**WHAT IS REQUIRED**
Set down all of the data that follows word for word, without the images.

**RECORDS TO PROCESS**
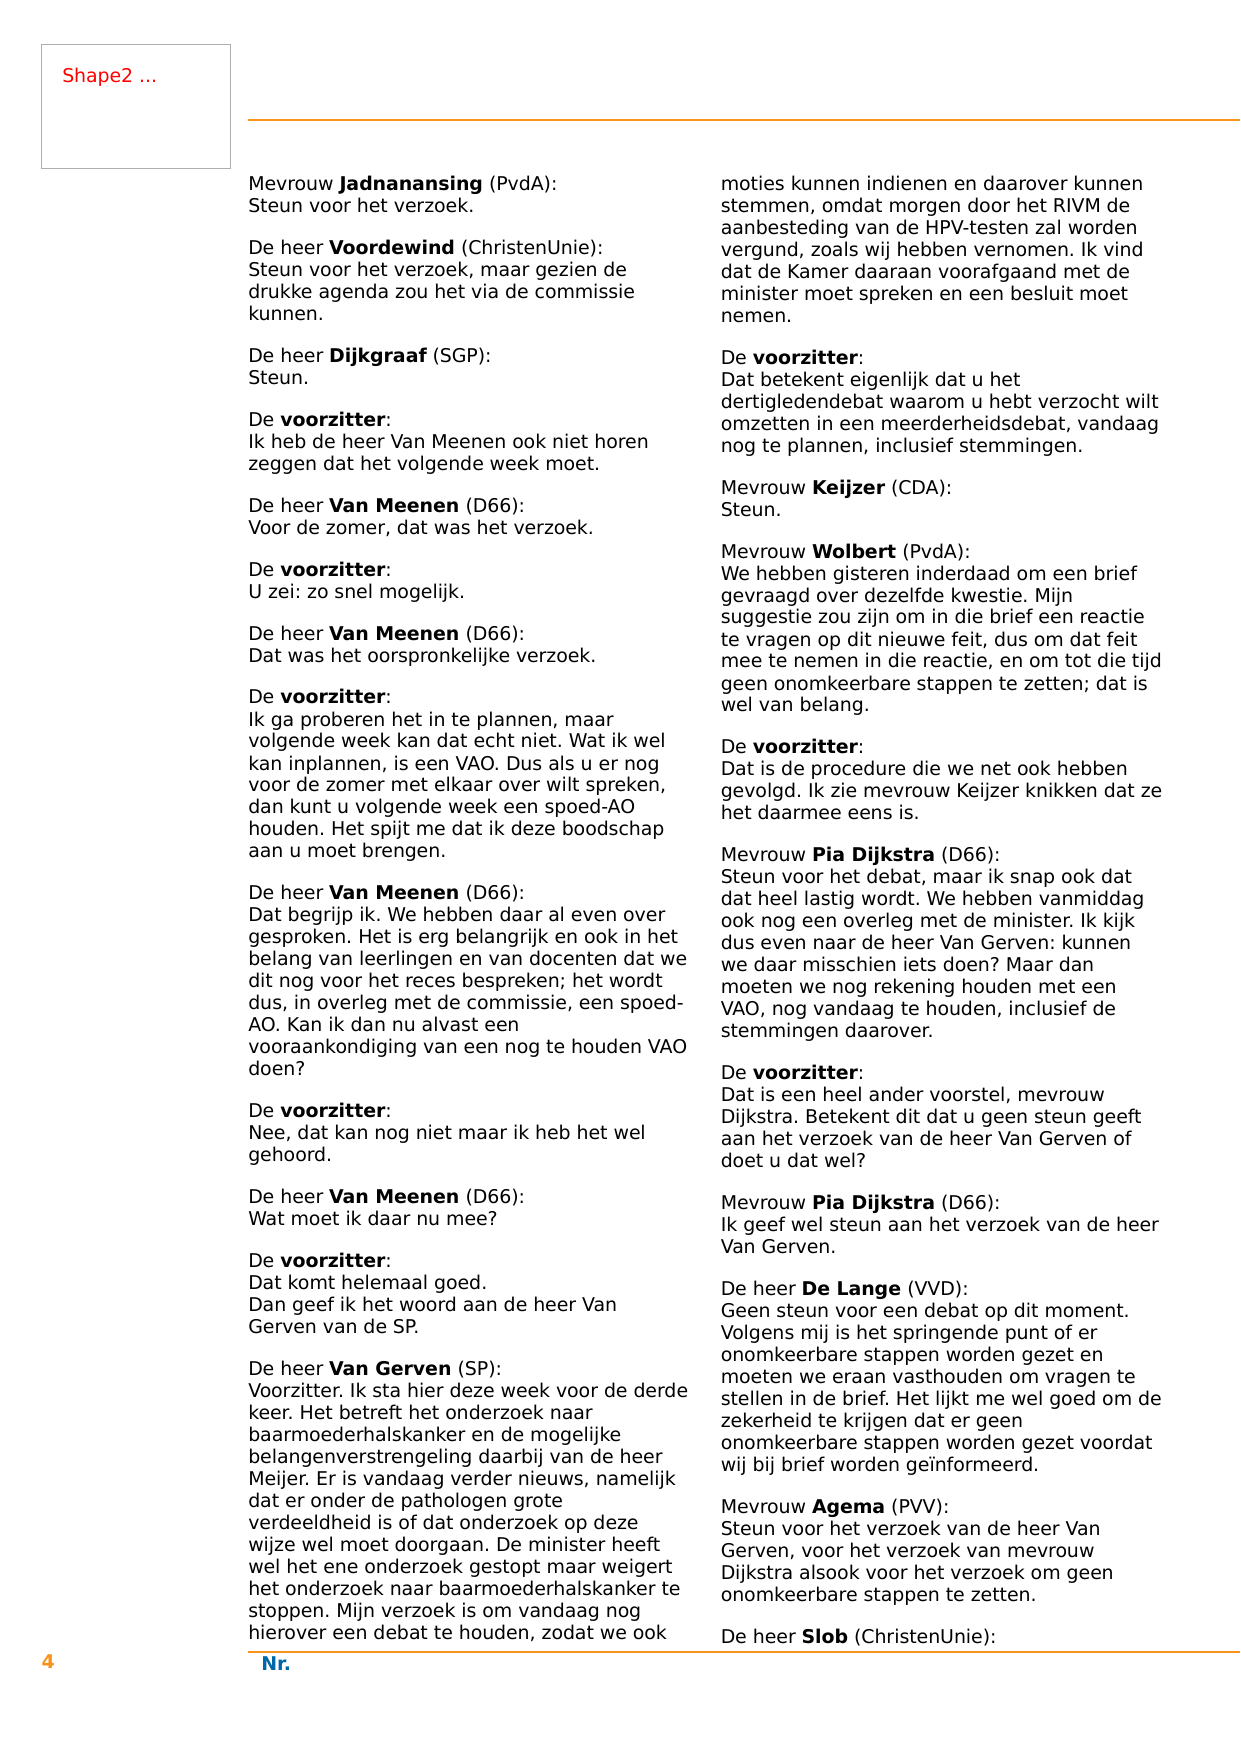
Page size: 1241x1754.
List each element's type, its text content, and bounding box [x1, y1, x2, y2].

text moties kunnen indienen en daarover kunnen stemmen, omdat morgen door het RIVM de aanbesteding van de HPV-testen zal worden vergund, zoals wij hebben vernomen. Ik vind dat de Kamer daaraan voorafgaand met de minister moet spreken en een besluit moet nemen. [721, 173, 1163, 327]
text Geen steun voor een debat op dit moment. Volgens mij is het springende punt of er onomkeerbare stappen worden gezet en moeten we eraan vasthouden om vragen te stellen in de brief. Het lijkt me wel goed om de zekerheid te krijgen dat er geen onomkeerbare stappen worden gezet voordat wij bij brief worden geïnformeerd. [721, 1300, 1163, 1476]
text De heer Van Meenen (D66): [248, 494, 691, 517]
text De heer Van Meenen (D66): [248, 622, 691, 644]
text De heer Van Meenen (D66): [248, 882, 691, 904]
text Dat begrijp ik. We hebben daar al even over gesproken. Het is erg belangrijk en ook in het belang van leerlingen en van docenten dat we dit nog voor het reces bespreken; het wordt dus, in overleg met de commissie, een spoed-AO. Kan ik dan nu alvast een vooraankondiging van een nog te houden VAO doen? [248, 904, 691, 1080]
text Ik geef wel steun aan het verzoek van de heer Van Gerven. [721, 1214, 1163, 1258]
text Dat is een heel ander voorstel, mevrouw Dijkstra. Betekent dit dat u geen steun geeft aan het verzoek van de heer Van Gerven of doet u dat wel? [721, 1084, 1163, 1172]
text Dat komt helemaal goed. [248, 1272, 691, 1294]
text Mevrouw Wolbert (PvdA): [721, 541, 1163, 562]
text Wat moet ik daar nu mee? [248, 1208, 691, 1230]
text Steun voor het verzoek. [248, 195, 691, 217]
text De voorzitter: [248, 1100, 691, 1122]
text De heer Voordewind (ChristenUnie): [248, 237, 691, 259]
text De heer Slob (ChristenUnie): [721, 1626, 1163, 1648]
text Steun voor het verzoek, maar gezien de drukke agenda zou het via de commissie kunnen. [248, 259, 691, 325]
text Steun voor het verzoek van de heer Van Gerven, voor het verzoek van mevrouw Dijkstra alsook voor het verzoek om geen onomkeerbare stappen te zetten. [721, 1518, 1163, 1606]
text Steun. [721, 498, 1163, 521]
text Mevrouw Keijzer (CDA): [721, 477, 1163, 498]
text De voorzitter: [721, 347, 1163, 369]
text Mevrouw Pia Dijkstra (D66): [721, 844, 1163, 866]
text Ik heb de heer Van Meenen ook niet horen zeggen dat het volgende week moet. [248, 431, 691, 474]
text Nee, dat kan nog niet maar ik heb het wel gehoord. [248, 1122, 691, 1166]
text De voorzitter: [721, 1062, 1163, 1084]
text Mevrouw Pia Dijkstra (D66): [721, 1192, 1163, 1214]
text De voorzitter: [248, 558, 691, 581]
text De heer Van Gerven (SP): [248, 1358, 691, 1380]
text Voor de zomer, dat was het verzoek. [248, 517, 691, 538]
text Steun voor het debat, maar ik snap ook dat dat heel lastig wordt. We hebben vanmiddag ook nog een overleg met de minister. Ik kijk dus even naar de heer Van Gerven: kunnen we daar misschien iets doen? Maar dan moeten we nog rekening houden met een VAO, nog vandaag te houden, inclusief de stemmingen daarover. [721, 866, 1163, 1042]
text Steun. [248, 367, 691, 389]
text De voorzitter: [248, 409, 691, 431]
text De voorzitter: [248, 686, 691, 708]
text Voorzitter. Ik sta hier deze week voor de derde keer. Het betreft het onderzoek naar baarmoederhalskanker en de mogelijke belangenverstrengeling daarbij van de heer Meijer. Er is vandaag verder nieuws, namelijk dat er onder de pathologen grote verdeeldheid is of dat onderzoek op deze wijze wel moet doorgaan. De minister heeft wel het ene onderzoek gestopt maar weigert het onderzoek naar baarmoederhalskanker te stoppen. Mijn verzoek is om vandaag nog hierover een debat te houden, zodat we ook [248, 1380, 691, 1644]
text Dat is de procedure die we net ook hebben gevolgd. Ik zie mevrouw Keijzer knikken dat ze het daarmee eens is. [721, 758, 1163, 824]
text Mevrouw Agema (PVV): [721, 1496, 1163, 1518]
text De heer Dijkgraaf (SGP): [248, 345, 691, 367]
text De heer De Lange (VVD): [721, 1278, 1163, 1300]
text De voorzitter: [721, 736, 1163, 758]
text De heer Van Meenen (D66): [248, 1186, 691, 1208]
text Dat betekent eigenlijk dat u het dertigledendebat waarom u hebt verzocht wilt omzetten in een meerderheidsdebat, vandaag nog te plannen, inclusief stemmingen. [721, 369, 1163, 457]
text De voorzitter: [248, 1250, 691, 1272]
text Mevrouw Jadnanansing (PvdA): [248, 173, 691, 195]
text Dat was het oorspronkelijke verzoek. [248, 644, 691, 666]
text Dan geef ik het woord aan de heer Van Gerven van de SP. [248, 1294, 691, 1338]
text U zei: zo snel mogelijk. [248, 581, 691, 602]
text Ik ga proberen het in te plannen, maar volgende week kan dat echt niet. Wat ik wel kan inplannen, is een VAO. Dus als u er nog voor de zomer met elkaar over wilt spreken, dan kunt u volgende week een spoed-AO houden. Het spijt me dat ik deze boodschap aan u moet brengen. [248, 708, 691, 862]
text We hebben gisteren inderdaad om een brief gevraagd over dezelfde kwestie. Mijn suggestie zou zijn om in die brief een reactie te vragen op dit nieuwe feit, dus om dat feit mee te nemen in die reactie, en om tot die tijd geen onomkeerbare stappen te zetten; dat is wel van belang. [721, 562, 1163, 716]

**RESPONSE TO THIS TASK**
Page size: 1241x1754.
List each element's type, its text content, and bounding box [x1, y1, x2, y2].

text moties kunnen indienen en daarover kunnen stemmen, omdat morgen door het RIVM de aanbesteding van de HPV-testen zal worden vergund, zoals wij hebben vernomen. Ik vind dat de Kamer daaraan voorafgaand met de minister moet spreken en een besluit moet nemen. [721, 173, 1163, 327]
text Geen steun voor een debat op dit moment. Volgens mij is het springende punt of er onomkeerbare stappen worden gezet en moeten we eraan vasthouden om vragen te stellen in de brief. Het lijkt me wel goed om de zekerheid te krijgen dat er geen onomkeerbare stappen worden gezet voordat wij bij brief worden geïnformeerd. [721, 1300, 1163, 1476]
text De heer Van Meenen (D66): [248, 494, 691, 517]
text De heer Van Meenen (D66): [248, 622, 691, 644]
text De heer Van Meenen (D66): [248, 882, 691, 904]
text Dat begrijp ik. We hebben daar al even over gesproken. Het is erg belangrijk en ook in het belang van leerlingen en van docenten dat we dit nog voor het reces bespreken; het wordt dus, in overleg met de commissie, een spoed-AO. Kan ik dan nu alvast een vooraankondiging van een nog te houden VAO doen? [248, 904, 691, 1080]
text Ik geef wel steun aan het verzoek van de heer Van Gerven. [721, 1214, 1163, 1258]
text Dat is een heel ander voorstel, mevrouw Dijkstra. Betekent dit dat u geen steun geeft aan het verzoek van de heer Van Gerven of doet u dat wel? [721, 1084, 1163, 1172]
text Dat komt helemaal goed. [248, 1272, 691, 1294]
text Mevrouw Wolbert (PvdA): [721, 541, 1163, 562]
text Wat moet ik daar nu mee? [248, 1208, 691, 1230]
text Steun voor het verzoek. [248, 195, 691, 217]
text De voorzitter: [248, 1100, 691, 1122]
text De heer Voordewind (ChristenUnie): [248, 237, 691, 259]
text De heer Slob (ChristenUnie): [721, 1626, 1163, 1648]
text Steun voor het verzoek, maar gezien de drukke agenda zou het via de commissie kunnen. [248, 259, 691, 325]
text Steun voor het verzoek van de heer Van Gerven, voor het verzoek van mevrouw Dijkstra alsook voor het verzoek om geen onomkeerbare stappen te zetten. [721, 1518, 1163, 1606]
text Steun. [721, 498, 1163, 521]
text Mevrouw Keijzer (CDA): [721, 477, 1163, 498]
text De voorzitter: [721, 347, 1163, 369]
text Mevrouw Pia Dijkstra (D66): [721, 844, 1163, 866]
text Ik heb de heer Van Meenen ook niet horen zeggen dat het volgende week moet. [248, 431, 691, 474]
text Nee, dat kan nog niet maar ik heb het wel gehoord. [248, 1122, 691, 1166]
text De voorzitter: [721, 1062, 1163, 1084]
text Mevrouw Pia Dijkstra (D66): [721, 1192, 1163, 1214]
text De voorzitter: [248, 558, 691, 581]
text De heer Van Gerven (SP): [248, 1358, 691, 1380]
text Voor de zomer, dat was het verzoek. [248, 517, 691, 538]
text Steun voor het debat, maar ik snap ook dat dat heel lastig wordt. We hebben vanmiddag ook nog een overleg met de minister. Ik kijk dus even naar de heer Van Gerven: kunnen we daar misschien iets doen? Maar dan moeten we nog rekening houden met een VAO, nog vandaag te houden, inclusief de stemmingen daarover. [721, 866, 1163, 1042]
text Steun. [248, 367, 691, 389]
text De voorzitter: [248, 409, 691, 431]
text De voorzitter: [248, 686, 691, 708]
text Voorzitter. Ik sta hier deze week voor de derde keer. Het betreft het onderzoek naar baarmoederhalskanker en de mogelijke belangenverstrengeling daarbij van de heer Meijer. Er is vandaag verder nieuws, namelijk dat er onder de pathologen grote verdeeldheid is of dat onderzoek op deze wijze wel moet doorgaan. De minister heeft wel het ene onderzoek gestopt maar weigert het onderzoek naar baarmoederhalskanker te stoppen. Mijn verzoek is om vandaag nog hierover een debat te houden, zodat we ook [248, 1380, 691, 1644]
text Dat is de procedure die we net ook hebben gevolgd. Ik zie mevrouw Keijzer knikken dat ze het daarmee eens is. [721, 758, 1163, 824]
text Mevrouw Agema (PVV): [721, 1496, 1163, 1518]
text De heer Dijkgraaf (SGP): [248, 345, 691, 367]
text De heer De Lange (VVD): [721, 1278, 1163, 1300]
text De voorzitter: [721, 736, 1163, 758]
text De heer Van Meenen (D66): [248, 1186, 691, 1208]
text Dat betekent eigenlijk dat u het dertigledendebat waarom u hebt verzocht wilt omzetten in een meerderheidsdebat, vandaag nog te plannen, inclusief stemmingen. [721, 369, 1163, 457]
text De voorzitter: [248, 1250, 691, 1272]
text Mevrouw Jadnanansing (PvdA): [248, 173, 691, 195]
text Dat was het oorspronkelijke verzoek. [248, 644, 691, 666]
text Dan geef ik het woord aan de heer Van Gerven van de SP. [248, 1294, 691, 1338]
text U zei: zo snel mogelijk. [248, 581, 691, 602]
text Ik ga proberen het in te plannen, maar volgende week kan dat echt niet. Wat ik wel kan inplannen, is een VAO. Dus als u er nog voor de zomer met elkaar over wilt spreken, dan kunt u volgende week een spoed-AO houden. Het spijt me dat ik deze boodschap aan u moet brengen. [248, 708, 691, 862]
text We hebben gisteren inderdaad om een brief gevraagd over dezelfde kwestie. Mijn suggestie zou zijn om in die brief een reactie te vragen op dit nieuwe feit, dus om dat feit mee te nemen in die reactie, en om tot die tijd geen onomkeerbare stappen te zetten; dat is wel van belang. [721, 562, 1163, 716]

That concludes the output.